What a managed harness resolves
The teams with the highest completion rates have one thing in common beyond the three harness variables: they did not build the infrastructure themselves. They used a managed layer that handled context loading, re-indexing, and tool provisioning — and focused their own engineering effort on the business-specific configuration that the generic infrastructure could not provide.
Kognita operates as a managed agent runtime that handles the harness components that are expensive to build and maintain: the always-current codebase index, the MCP server that exposes the index to Claude Code, Cursor, and other agents, and the Jira integration that adds ticket context to codebase context. Every session starts with the right context loaded. Every developer on the team runs from the same index rather than from whatever they happened to paste before starting work.
The completion rate gap closes not because the model changed, but because the infrastructure the model runs on stopped being the bottleneck.
Final take
The 40-point completion rate gap between high and low-performing teams using the same model is not an edge case. It is the normal outcome when teams treat AI agent deployment as a prompt engineering problem rather than a harness engineering problem. The model is the same. The infrastructure around it is not.

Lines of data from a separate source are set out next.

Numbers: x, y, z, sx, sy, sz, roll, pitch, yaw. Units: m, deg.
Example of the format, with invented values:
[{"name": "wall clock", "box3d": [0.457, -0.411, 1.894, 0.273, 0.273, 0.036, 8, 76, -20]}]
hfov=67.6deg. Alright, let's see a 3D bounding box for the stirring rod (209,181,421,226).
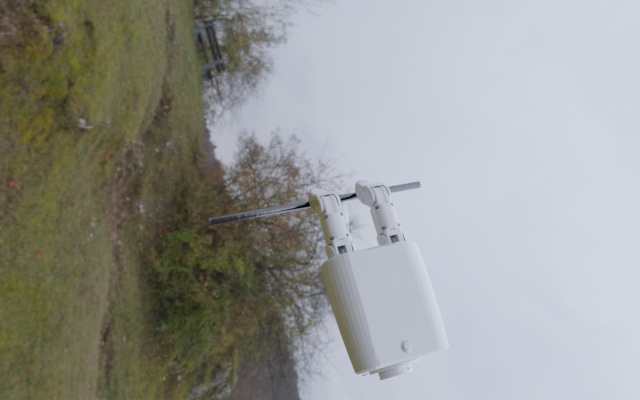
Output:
[{"name": "stirring rod", "box3d": [0.000, 0.002, 0.523, 0.239, 0.011, 0.011, -10, 3, -15]}]
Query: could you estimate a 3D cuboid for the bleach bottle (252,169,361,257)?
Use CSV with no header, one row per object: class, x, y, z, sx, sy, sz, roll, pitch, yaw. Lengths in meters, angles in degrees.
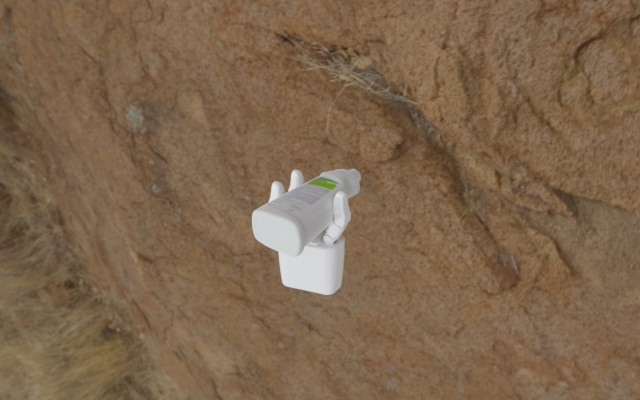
bleach bottle,0.000,0.003,0.827,0.102,0.068,0.250,18,33,31
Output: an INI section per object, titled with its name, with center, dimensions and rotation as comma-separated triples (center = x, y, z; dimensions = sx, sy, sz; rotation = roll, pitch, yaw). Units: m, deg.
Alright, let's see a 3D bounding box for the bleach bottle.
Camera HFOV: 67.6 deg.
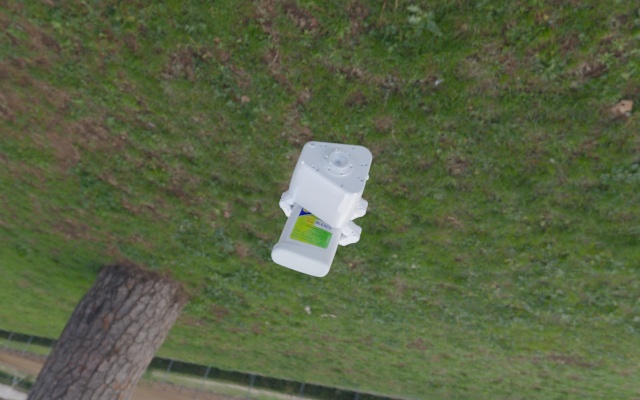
[bleach bottle]
center = 0.000, 0.003, 0.846
dimensions = 0.102, 0.250, 0.068
rotation = 19, -31, -2
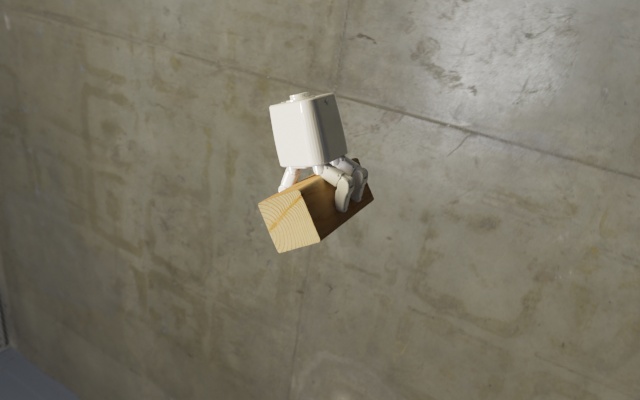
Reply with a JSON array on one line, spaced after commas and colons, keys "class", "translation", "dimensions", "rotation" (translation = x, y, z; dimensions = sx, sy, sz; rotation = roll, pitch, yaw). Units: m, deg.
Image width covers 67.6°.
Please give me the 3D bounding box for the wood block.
[{"class": "wood block", "translation": [0.000, 0.002, 0.825], "dimensions": [0.091, 0.090, 0.206], "rotation": [-18, 8, 35]}]
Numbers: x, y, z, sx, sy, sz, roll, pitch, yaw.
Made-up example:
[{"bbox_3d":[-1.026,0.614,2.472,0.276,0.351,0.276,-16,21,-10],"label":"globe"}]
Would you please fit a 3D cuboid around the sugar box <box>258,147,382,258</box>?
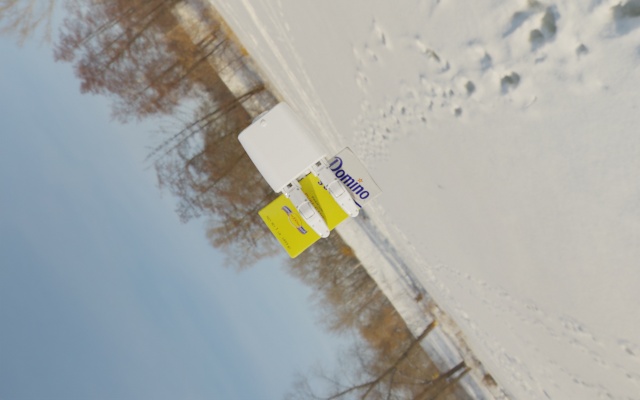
[{"bbox_3d":[0.000,0.002,0.757,0.176,0.093,0.048,-37,0,2],"label":"sugar box"}]
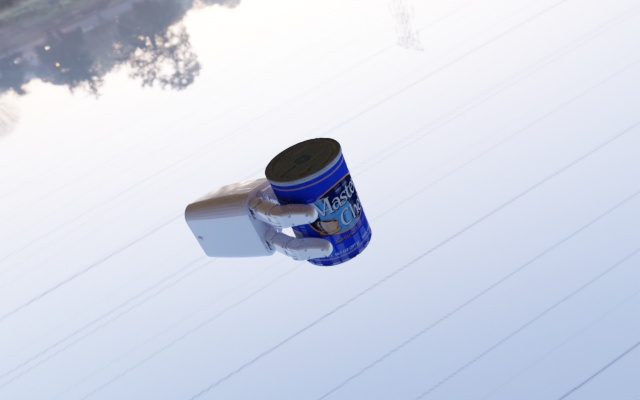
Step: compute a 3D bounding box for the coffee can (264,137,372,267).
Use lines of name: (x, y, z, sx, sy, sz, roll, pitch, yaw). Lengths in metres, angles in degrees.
coffee can: (0.000, 0.002, 0.634, 0.103, 0.140, 0.102, -17, 31, 10)
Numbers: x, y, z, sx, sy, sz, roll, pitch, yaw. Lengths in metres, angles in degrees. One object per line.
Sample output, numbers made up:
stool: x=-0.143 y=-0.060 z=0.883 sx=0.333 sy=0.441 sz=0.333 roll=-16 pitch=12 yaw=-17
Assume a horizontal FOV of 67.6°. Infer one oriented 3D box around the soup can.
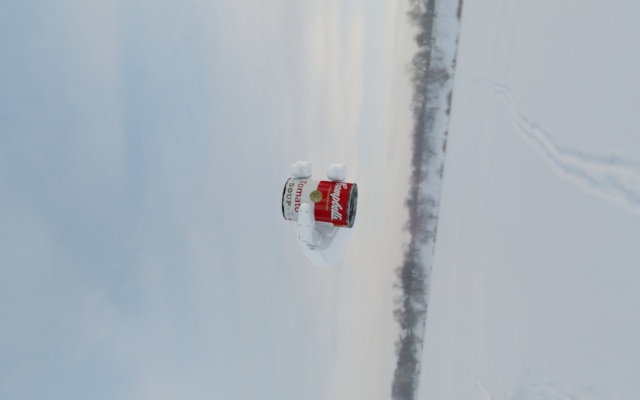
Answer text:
soup can: x=0.000 y=0.002 z=0.716 sx=0.102 sy=0.068 sz=0.068 roll=6 pitch=1 yaw=14
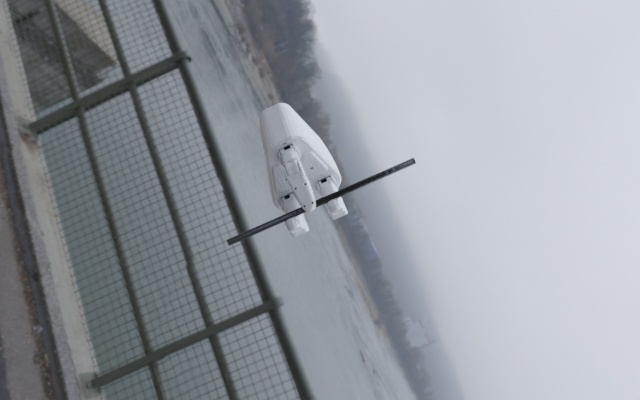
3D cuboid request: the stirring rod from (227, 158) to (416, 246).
[{"bbox_3d":[0.000,0.002,0.564,0.239,0.011,0.011,-24,-1,2],"label":"stirring rod"}]
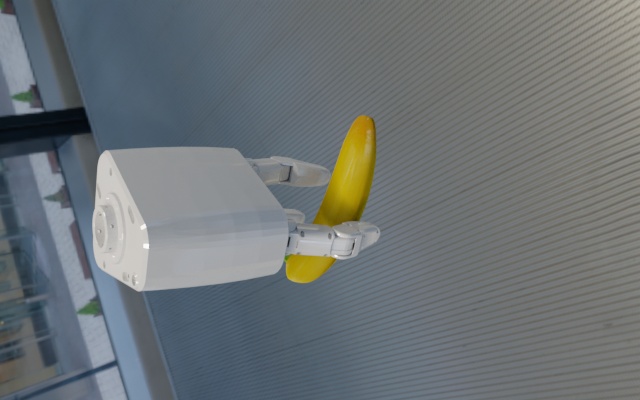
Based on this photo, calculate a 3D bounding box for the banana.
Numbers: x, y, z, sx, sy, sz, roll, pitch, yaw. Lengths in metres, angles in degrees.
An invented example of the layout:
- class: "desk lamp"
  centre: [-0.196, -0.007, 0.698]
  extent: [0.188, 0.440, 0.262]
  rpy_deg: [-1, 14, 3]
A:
- class: "banana"
  centre: [0.005, 0.017, 0.438]
  extent: [0.037, 0.069, 0.198]
  rpy_deg: [3, -46, -33]
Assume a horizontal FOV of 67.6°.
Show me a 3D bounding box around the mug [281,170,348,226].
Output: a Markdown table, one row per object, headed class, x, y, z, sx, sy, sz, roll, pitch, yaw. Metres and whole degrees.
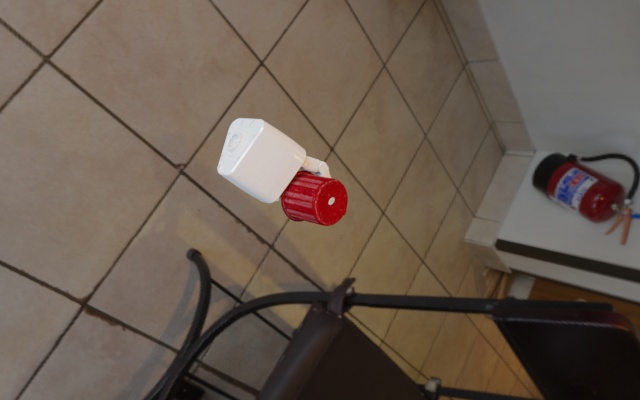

Model upgrades move the needle by 1 to 3 points. Harness improvements move it by 20 to 40. The most actionable thing most teams can do with their AI tool budget is not to evaluate a newer model — it is to audit the infrastructure layer the current model runs on and address the failure modes that no model upgrade can fix.
Your AI agents are probably underperforming not because the model is insufficient, but because the harness around it is incomplete. That is fixable without waiting for the next model generation.